Tippett was voted in for his playing accomplishments at Iowa, where he was a dynamite defensive end for the Hawkeyes in the early '80s. Tippett was a two-time All-Big Ten first team performer (1980, 1981) and a consensus All-American in 1981. Tippett holds the school record for tackles for loss (20 TFL for 153 yards (!) in 1980) and was the lynchpin of one of Iowa's best-ever defenses, the 1981 unit that allowed just 129 points (10.8 ppg) and 265 yards per game. Defense was the calling card for that team as they won Iowa's first Big Ten title in two decades and made Iowa's first trip to the Rose Bowl since 1959. 

As good as Tippett was as a collegian, he was probably even better as a pro; during his 12-year tenure with the New England Patriots, he was a five-time Pro Bowler, a two-time NFL All-Pro first team selection, a two-time NFL All-Pro second team selection, the 1985 NFL Defensive Player of the Year, and a member of the NFL's All-Decade Team for the 1980s. He was so good he's actually already a member of the Pro Football Hall of Fame, having been inducted into Canton back in 2009. 

Unlike Tippett, Stoops was not elected to the CFB Hall of Fame as a result of his playing days. Stoops was a teammate of Tippett, a key member of those early '80s Iowa teams, and a very good player in his own right, but he's a Hall of Famer for his efforts as a head coach, not a player. Stoops, of course, was famously rumored for the Iowa job back in 1999, but went to Oklahoma instead -- a decision which turned out pretty well for him. Stoops went 190-48 in 18 seasons with the Sooners, winning multiple Coach of the Year awards. He won 10 Big 12 titles with Oklahoma and made it to four national championship games, winning one (over Florida State in 2000). So, yes, Stoops is going into the Hall on the basis of what he did as a Sooner -- but Bob Stoops has always bled black and gold, so we're happy to claim another College Football Hall of Famer with Iowa ties. 

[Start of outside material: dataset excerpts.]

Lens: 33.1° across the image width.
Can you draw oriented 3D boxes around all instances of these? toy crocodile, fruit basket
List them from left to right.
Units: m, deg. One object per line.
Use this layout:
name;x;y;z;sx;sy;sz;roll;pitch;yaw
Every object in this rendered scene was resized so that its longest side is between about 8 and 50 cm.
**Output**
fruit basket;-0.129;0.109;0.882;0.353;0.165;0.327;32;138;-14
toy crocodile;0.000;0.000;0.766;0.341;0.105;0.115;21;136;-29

The induction of Tippett and Stoops gives Iowa 17 individuals in the CFB HoF with Hawkeye ties. There are five coaches: Howard Jones, Slip Madigan, Eddie Anderson, Forest Evashevski, and Hayden Fry. And nine players: Nile Kinnick, Duke Slater, Gordon Locke, Aubrey Devine, Calvin Jones, Alex Karras, Randy Duncan, Chuck Long, and Larry Station. Stoops will join Earl Banks as a former Iowa player who made it into the Hall of Fame for his coaching contributions away from Iowa; Banks, a player at Iowa from 1946-49, for his efforts as the head coach of Morgan State from 1960-1973. 

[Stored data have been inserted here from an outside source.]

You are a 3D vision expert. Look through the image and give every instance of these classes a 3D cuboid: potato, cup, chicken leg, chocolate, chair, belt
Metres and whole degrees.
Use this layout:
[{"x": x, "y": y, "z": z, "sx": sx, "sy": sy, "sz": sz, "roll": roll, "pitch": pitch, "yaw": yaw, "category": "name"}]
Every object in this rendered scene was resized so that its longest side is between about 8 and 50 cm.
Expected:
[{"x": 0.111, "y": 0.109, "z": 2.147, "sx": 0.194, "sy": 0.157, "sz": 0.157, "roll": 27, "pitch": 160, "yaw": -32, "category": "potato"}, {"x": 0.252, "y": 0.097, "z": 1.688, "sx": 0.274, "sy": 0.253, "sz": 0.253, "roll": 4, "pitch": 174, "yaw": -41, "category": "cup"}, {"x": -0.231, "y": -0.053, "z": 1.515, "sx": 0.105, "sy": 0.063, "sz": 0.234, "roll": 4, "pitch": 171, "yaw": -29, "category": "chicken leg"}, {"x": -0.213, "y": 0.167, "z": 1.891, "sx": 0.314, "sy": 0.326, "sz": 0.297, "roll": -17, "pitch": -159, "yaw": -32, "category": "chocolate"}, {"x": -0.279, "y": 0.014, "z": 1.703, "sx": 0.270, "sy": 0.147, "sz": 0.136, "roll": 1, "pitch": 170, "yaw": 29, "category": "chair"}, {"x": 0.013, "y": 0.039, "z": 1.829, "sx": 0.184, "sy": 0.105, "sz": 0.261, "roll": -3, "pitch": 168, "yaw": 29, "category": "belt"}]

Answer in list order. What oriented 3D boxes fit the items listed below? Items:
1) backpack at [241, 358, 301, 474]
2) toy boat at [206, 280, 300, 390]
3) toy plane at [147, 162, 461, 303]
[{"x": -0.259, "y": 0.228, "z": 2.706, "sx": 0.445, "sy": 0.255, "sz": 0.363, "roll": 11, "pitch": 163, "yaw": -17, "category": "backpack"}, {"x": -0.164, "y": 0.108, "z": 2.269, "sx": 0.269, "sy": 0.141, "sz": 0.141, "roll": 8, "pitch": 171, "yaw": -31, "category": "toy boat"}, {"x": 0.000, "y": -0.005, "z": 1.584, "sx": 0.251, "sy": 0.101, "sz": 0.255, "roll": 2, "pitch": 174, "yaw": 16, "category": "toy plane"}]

Tippett's inclusion in the College Football Hall of Fame ranks also carries with it another exciting distinction: it means that there's going to be a new name on the Kinnick Stadium Wall of Honor for the first time since it was established in 2013. In order to be eligible for a place on the Wall of Honor, an individual must meet one of three criteria: 

  1. Member of both the National Football Foundation College Football Hall of Fame and the Helms Athletic Foundation Hall of Fame
  2. Member of one of the two Hall of Fames listed above and be a consensus All-American
  3. Two-time consensus All-American

Those are, obviously, some very stiff criteria to meet -- especially since the first option is effectively impossible to achieve now, given that the Helms Athletic Foundation Hall of Fame is no longer active. Tippet qualifies for a Wall of Honor spot by virtue of the second criteria: he was already a consensus All-American and now he's a member of the National Football Foundation College Football Hall of Fame. 

The addition of Tippett will give Iowa an even 10 players on the Wall of Honor. He'll join Iowa legends Aubrey Devine, Gordon Locke, Duke Slater, Nile Kinnick, Calvin Jones, Randy Duncan, Alex Karras, Chuck Long, and Larry Station and be immortalized with his placement on the Wall of Honor. 

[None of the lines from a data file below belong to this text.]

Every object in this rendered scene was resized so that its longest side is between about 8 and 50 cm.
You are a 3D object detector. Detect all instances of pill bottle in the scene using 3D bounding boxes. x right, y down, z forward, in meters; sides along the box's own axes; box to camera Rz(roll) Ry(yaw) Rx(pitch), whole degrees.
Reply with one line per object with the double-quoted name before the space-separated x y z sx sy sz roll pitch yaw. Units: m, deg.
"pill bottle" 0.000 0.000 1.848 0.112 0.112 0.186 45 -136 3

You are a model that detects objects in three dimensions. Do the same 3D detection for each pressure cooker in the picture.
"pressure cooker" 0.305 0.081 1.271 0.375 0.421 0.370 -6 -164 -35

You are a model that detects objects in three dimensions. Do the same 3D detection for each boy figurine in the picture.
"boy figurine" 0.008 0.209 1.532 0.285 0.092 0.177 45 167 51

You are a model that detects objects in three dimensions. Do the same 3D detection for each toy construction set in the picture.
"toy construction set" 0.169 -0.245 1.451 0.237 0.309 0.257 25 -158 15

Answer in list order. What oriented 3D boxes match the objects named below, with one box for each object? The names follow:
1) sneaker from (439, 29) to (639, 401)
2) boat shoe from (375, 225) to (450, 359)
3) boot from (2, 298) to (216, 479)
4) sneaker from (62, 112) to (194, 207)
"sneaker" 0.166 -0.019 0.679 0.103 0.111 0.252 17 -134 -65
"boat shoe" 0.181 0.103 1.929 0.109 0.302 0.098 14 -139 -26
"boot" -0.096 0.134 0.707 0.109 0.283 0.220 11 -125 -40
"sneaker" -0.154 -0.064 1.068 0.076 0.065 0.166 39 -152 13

We offer a hearty congratulations to Tippett and Stoops for achieving one of the highest honors available to college football players and coaches -- a spot in the College Football Hall of Fame. They had tremendous careers and their placement in the HOF is richly deserved. As Iowa fans, we're forever indebted to their efforts to rebuild the Iowa program in the early '80s; they achieved success that had been unheard of at Iowa for over 20 years -- and laid the groundwork for even greater success from future Hayden Fry and Kirk Ferentz teams. Thanks for the memories, guys, and welcome to the Hall of Fame.